From left, Douglas Albertson, Kyle Thibeault, and Nicolas O’Connor say the disc-golf course that will be built at Piper Farm Recreation Area will benefit residents and help make Belchertown a destination.

Bob Bolduc says Pride purchased a 20-acre parcel of land in Belchertown about eight years ago because it believed this was an area where development was likely to occur.

“We envisioned it as an ideal location for a gas station and other businesses,” said the company’s founder and adviser, referring to a site at the junction where Route 202 and Route 21 intersect.

The prediction proved quite prescient; the Eastern Hampshire District Courthouse was built there shortly after the purchase was made, and a bevy of projects are underway. They include a new, $2 million Pride station; a new financial-services center; the town’s first assisted-living facility, to be built on the grounds of the former Belchertown State School; a new disc-golf course on town-owned land; and infrastructure improvements aimed at improving pedestrian safety, solving traffic problems, and enhancing connectivity with the town center, which is a short walk away.

“After many years of work and planning, there will actually be shovels in the ground on multiple projects this spring,” Selectman Nicolas O’Connor told Business West, noting that the projects align perfectly with goals that include meeting the needs of residents while finding ways to use open space for recreational purposes that will attract visitors, benefit local businesses, and spur additional growth.

Decades ago, Department of Public Works Director Steven Williams noted, economic development was concentrated at the end of the corridor that runs in the opposite direction from the town center, which is also within walking distance, although it is a little farther away.

But that area is almost completely built out, so the new hub has become the mile-long stretch of Route 202 that extends from the center to the courthouse. The Pride property sits on one side of the corridor, while the former Belchertown State School campus is across the street. It is owned by the Belchertown Economic Development Industrial Corp. (EDIC), which entered into an agreement with MassDevelopment five years ago that designated it as the agent for redevelopment.

Since that time, MassDevelopment has worked with the town and EDIC to access funds to demolish 40 dilapidated buildings on the campus. About half of them have been removed, and anticipation has been building over the past 18 months since approval was granted to build the Christopher Heights assisted-living complex on the site. It will contain 83 units, half of which will be affordable, and fill a real need within the community.

“They expect to break ground soon, which is very exciting,” said Claire O’Neil, vice president of planning and development for MassDevelopment.

She added that the town has plans to make significant infrastructure improvements that will restore water to the state school campus, improve sewer lines, and address pedestrian and traffic issues that will help move plans forward for the property to become a mixed-use development that will include manufacturing, commercial enterprises, and space for anyone interested in building in Belchertown.

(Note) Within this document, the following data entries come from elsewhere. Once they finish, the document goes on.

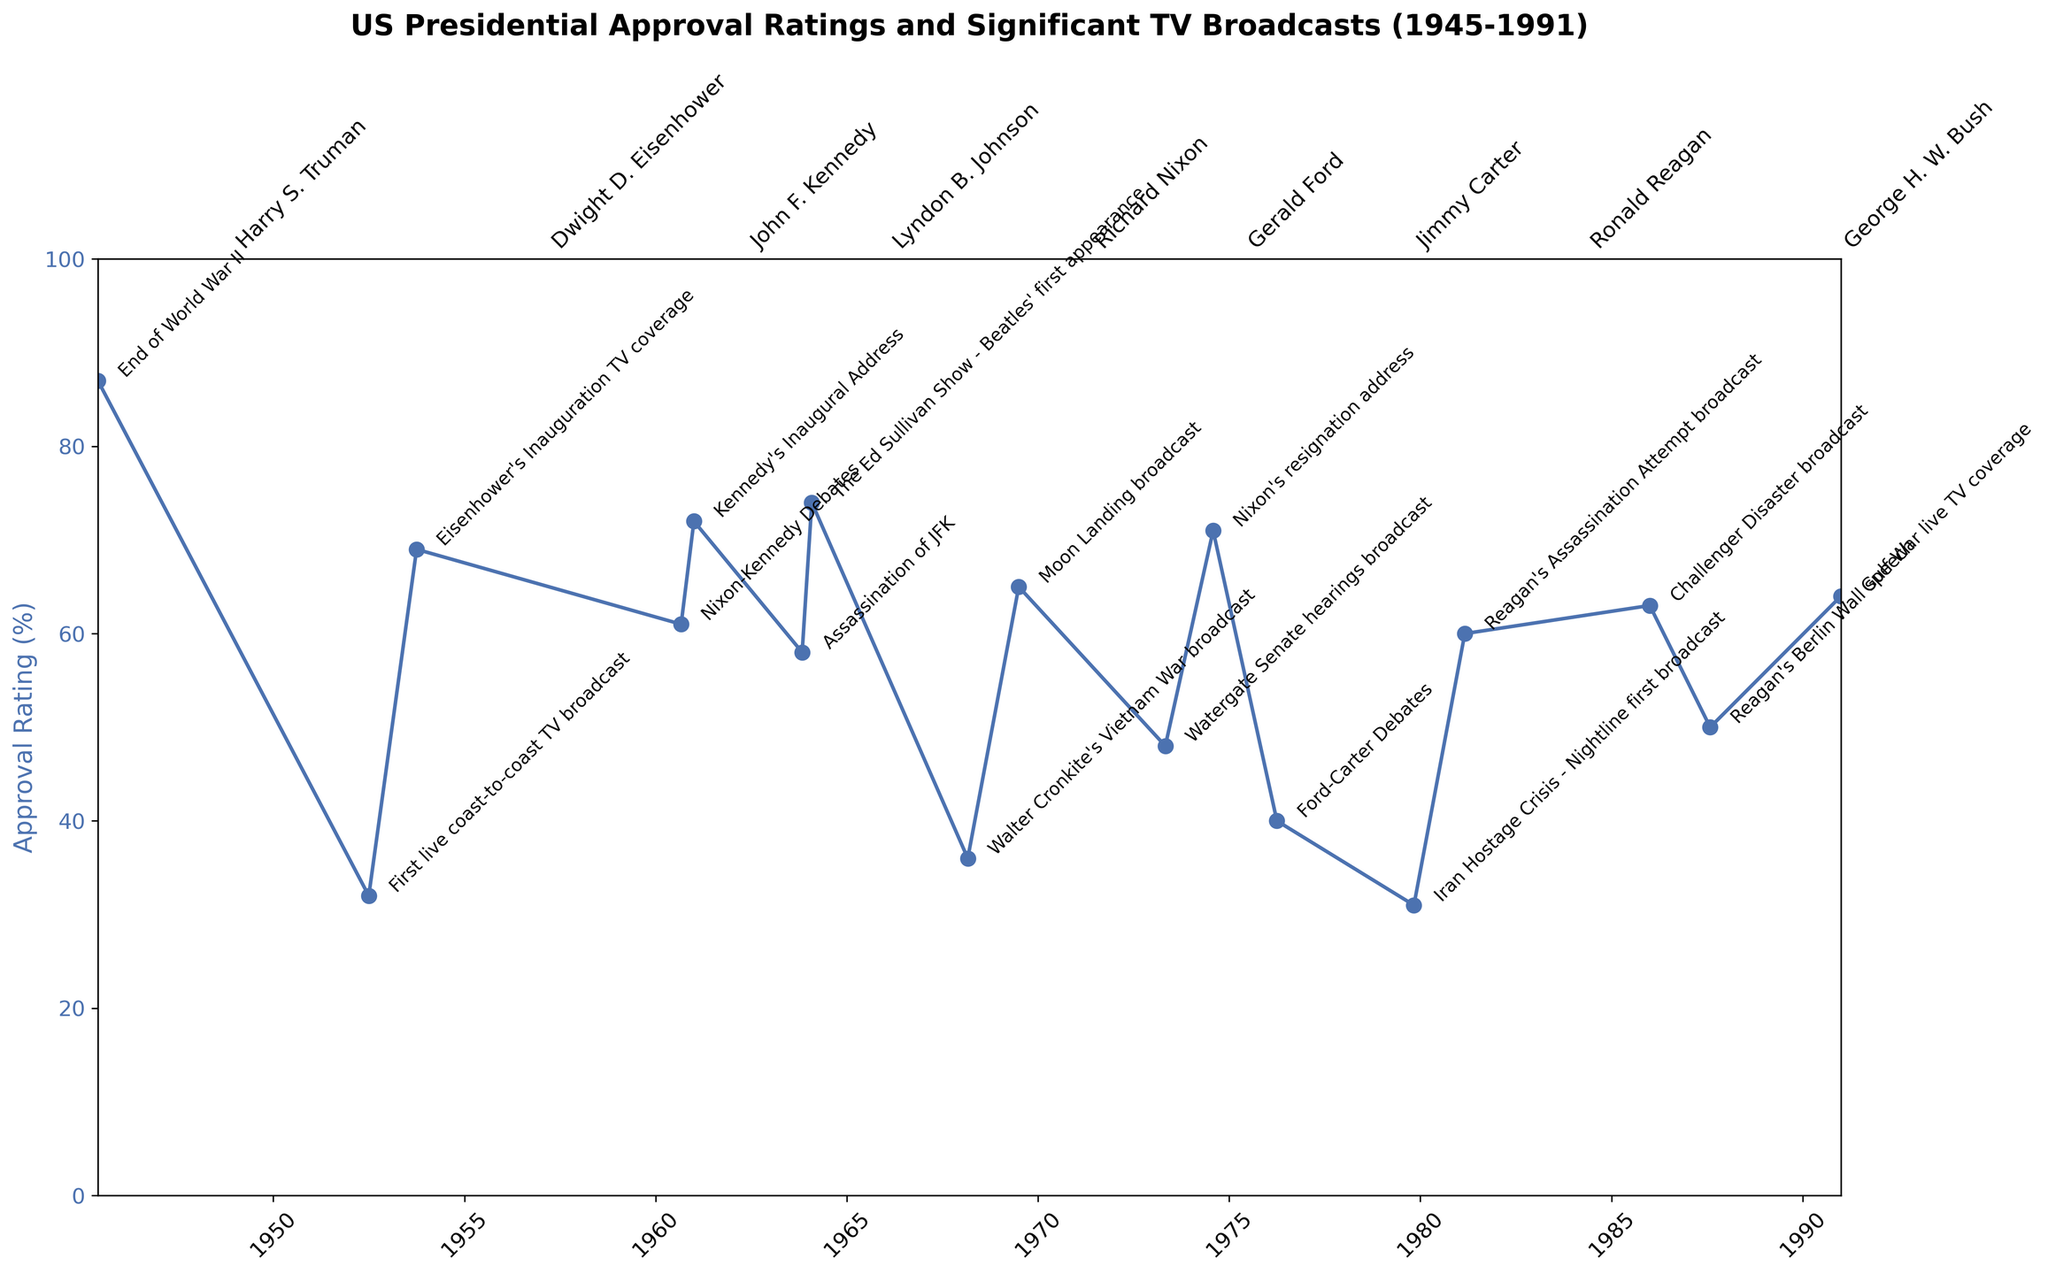How does the approval rating trend vary during different presidencies? To determine this, observe the approval ratings within the time ranges for each president indicated by the annotations. Notice patterns such as increases or decreases in ratings over their respective terms.
Answer: Trends vary for each president Which president experienced the highest approval rating and when? Find the peak point on the approval rating line and identify the president and the corresponding date at that peak. The highest approval rating is 87% for Harry S. Truman in June 1945.
Answer: Harry S. Truman, June 1945 Did the approval rating generally increase or decrease after significant TV broadcasts? Compare the approval ratings before and after each TV broadcast annotation. Note whether the ratings tend to trend upwards or downwards following these events.
Answer: Mixed; depends on the event Which president had the most drastic drop in approval rating, and during what significant broadcast did this occur? Identify the president with the most significant drop by observing the steepest downward slope in the approval rating line. The biggest drop is for Lyndon B. Johnson in March 1968 during Walter Cronkite's Vietnam War broadcast.
Answer: Lyndon B. Johnson, March 1968 What is the average approval rating across the entire timeline? Calculate the sum of all approval ratings and divide by the number of data points to find the average. ($87 + 32 + 69 + 61 + 72 + 58 + 74 + 36 + 65 + 48 + 71 + 40 + 31 + 60 + 63 + 50 + 64) / 17 = 58.12%.
Answer: 58.12% Who was the president during the Moon Landing broadcast and how did the approval rating trend immediately after? Identify the president during the Moon Landing broadcast (July 1969). Observe the approval trend before and after July 1969 for Richard Nixon. The approval rating increased to 65% during the Moon Landing.
Answer: Richard Nixon, increase Which president had the lowest recorded approval rating and what significant event coincided with this? Find the minimum point on the approval rating line and identify the president and significant event. The lowest approval rating is 31% for Jimmy Carter in November 1979 during the Iran Hostage Crisis - Nightline broadcast.
Answer: Jimmy Carter, Iran Hostage Crisis Did Ronald Reagan's approval rating increase after the Challenger Disaster broadcast? Observe the approval rating before and after the January 1986 Challenger Disaster. There was a slight increase to 63%.
Answer: Yes How many unique significant broadcasts are noted in the plot, and how many occurred during Richard Nixon's presidency? Count all unique significant broadcasts labeled in the plot. Then, count the number of those during Nixon's term. There are 17 unique broadcasts, with 3 during Nixon's presidency (Moon Landing, Watergate hearings, Nixon's resignation).
Answer: 17 broadcasts, 3 during Nixon Which president followed John F. Kennedy, and how did the approval ratings differ between them immediately following JFK's assassination? Identify the president after JFK (Lyndon B. Johnson) and compare approval ratings pre- and post-assassination in November 1963. LBJ's rating in February 1964 was 74%, compared to JFK's 58% in November 1963.
Answer: Lyndon B. Johnson, increased

An abundance of property is also available across from the campus, which is close to Route 21. “The area has enormous potential to generate new construction, businesses, jobs, and resources for the town,” Williams said, explaining that it will be fueled by the aforementioned $4.5 million in infrastructure work that will be composed of upgraded sidewalks and crosswalks, roadwork with new striping, new turning lanes, a new signal at the Stadler Street intersection and perhaps another at the junction of Routes 202 and 21, and new signage.

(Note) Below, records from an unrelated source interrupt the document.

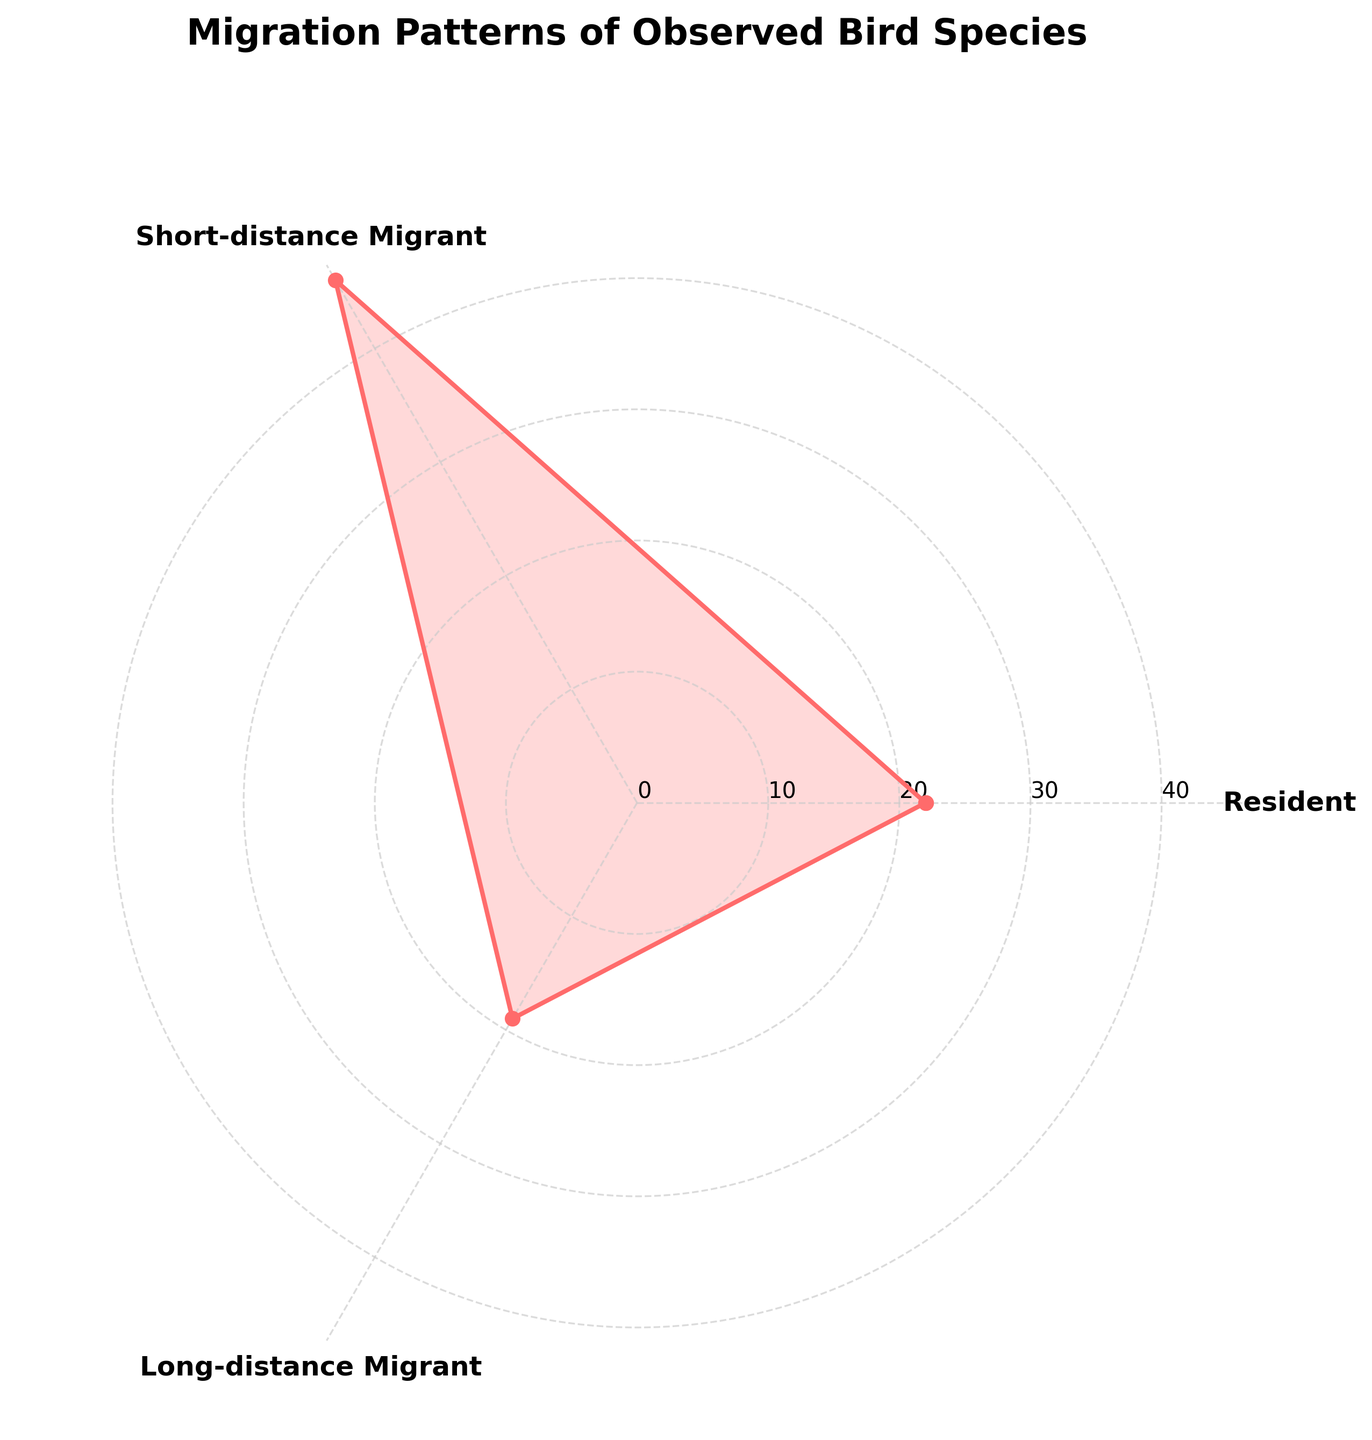What is the title of the rose chart? The title of the chart is typically displayed at the top of the plot. It provides a brief description of the dataset being visualized.
Answer: Migration Patterns of Observed Bird Species How many groups are represented in the rose chart? The rose chart categorizes the migration patterns into different groups. These groups are usually marked by labels around the chart.
Answer: 3 groups Which category has the highest value? To find the category with the highest value, look at the lengths of the segments extending from the center to the outer edge. The segment that extends the farthest represents the highest value.
Answer: Short-distance Migrant What is the approximate value for the Long-distance Migrant category? Look at the segment labeled "Long-distance Migrant" and estimate its value by comparing it to the radial labels.
Answer: Approximately 19 Compare the values for Resident and Short-distance Migrant categories. Which one is higher? To compare, visually check the lengths of the segments for both categories. The longer segment indicates a higher value.
Answer: Short-distance Migrant Is there any category with a value of 0? Check each segment for any category that does not extend from the center. If one category has no segment, it means its value is zero.
Answer: No What is the total value of all categories combined? Add the values of all the segments for the categories displayed on the rose chart. Sum up Resident (22), Short-distance Migrant (46), and Long-distance Migrant (19).
Answer: 87 Which group is closest in value to the Long-distance Migrant? Visually inspect the values of each category, and find the one closest in length to the Long-distance Migrant segment.
Answer: Resident How does the Resident category compare to the average value of all categories? First, calculate the average value of all categories ([22 + 46 + 19]/3 = 29). Then compare the value of the Resident category to this average.
Answer: Lower What is the difference between the highest and the lowest category values? Identify the highest and lowest values among the segments and subtract the lowest from the highest. The highest (Short-distance Migrant: 46) minus the lowest (Long-distance Migrant: 19).
Answer: 27

The plan is still in the design stage, but Williams estimates it will be completed by the beginning of next year. When the work is finished, he added, it will improve pedestrian access and safety, and connect the area to the town center in a way that will allow development to occur without creating traffic problems.

“Some businesses have already been established along the corridor, but compared to the amount of land available, they constitute a drop in the bucket of future potential,” he said.

For this issue, BusinessWest looks at projects in the planning stages or underway that will make a difference in the town’s economy and help make it a destination for recreation while meeting the needs of residents.

Generating Growth

Alden Credit Union recently opened a new, 4,000-square-foot financial center on State Street in an existing building that sits on a 1.4-acre parcel purchased from Pride.

“They did a major renovation of the property,” O’Connor said, explaining that it will become Alden’s headquarters.

Bolduc noted that Pride’s new, 4,500-square-foot store will be built adjacent to the credit union and will focus on food service.

“Most people think of Pride as a place to get gas that also sells food. But we want to reverse that, have them think of this as a food store where they can also get gas,” he said, explaining that the new store will contain a large bakery, full café with specialty drinks, a drive-thru window, a full deli and grill with a breakfast and lunch menu, and an area with tables and chairs where people can eat. “There will also be a fountain area where people can get real fresh-fruit smoothies.”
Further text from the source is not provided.